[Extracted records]
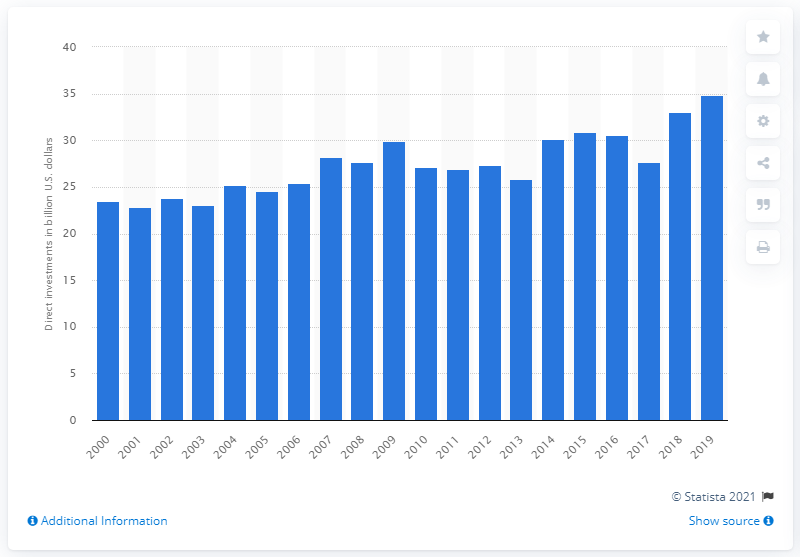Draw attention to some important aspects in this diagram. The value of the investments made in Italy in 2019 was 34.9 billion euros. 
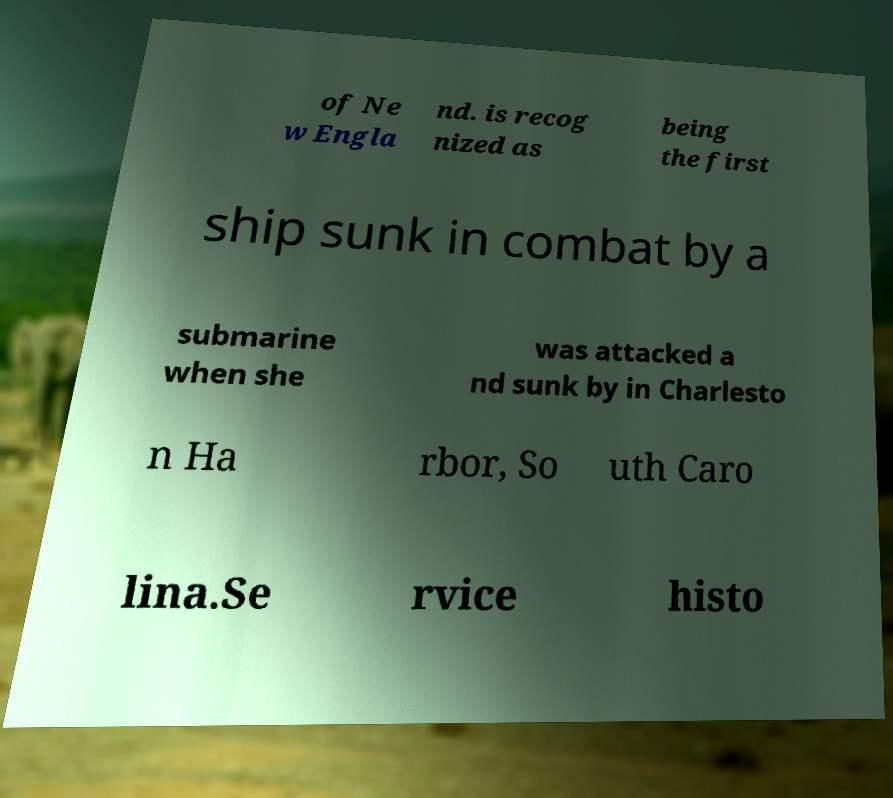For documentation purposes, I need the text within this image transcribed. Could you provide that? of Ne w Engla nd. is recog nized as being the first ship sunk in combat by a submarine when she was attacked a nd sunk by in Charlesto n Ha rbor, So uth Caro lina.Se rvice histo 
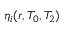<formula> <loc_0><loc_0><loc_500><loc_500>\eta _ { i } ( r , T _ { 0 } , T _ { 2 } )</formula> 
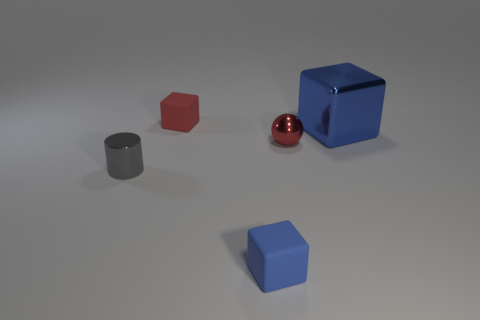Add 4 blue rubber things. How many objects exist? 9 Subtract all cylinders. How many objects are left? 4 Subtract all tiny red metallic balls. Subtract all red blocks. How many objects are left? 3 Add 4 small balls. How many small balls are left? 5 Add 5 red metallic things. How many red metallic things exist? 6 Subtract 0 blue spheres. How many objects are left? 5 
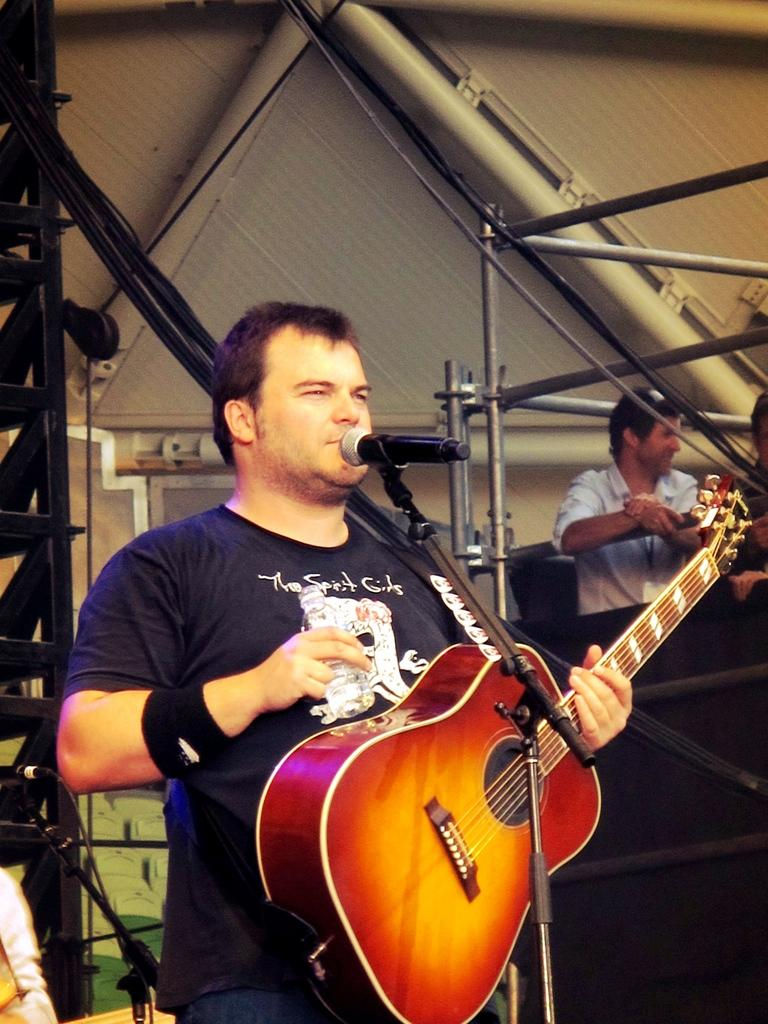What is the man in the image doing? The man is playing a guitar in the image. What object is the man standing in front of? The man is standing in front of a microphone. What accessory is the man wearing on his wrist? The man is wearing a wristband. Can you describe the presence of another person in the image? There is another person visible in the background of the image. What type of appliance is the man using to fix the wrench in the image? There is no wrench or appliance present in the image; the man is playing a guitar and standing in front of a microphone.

- What to work on -
Quote all of the entries word for word, omitting any pictures.

- Reply -
Draw attention to some important aspects in this diagram. The value of the investments made in Italy in 2019 was 34.9 billion euros. 
For documentation purposes, I need the text within this image transcribed. Could you provide that? of Ne w Engla nd. is recog nized as being the first ship sunk in combat by a submarine when she was attacked a nd sunk by in Charlesto n Ha rbor, So uth Caro lina.Se rvice histo 
<formula> <loc_0><loc_0><loc_500><loc_500>\eta _ { i } ( r , T _ { 0 } , T _ { 2 } )</formula> 
Add 4 blue rubber things. How many objects exist? 9 Subtract all cylinders. How many objects are left? 4 Subtract all tiny red metallic balls. Subtract all red blocks. How many objects are left? 3 Add 4 small balls. How many small balls are left? 5 Add 5 red metallic things. How many red metallic things exist? 6 Subtract 0 blue spheres. How many objects are left? 5 
What is the man in the image doing? The man is playing a guitar in the image. What object is the man standing in front of? The man is standing in front of a microphone. What accessory is the man wearing on his wrist? The man is wearing a wristband. Can you describe the presence of another person in the image? There is another person visible in the background of the image. What type of appliance is the man using to fix the wrench in the image? There is no wrench or appliance present in the image; the man is playing a guitar and standing in front of a microphone.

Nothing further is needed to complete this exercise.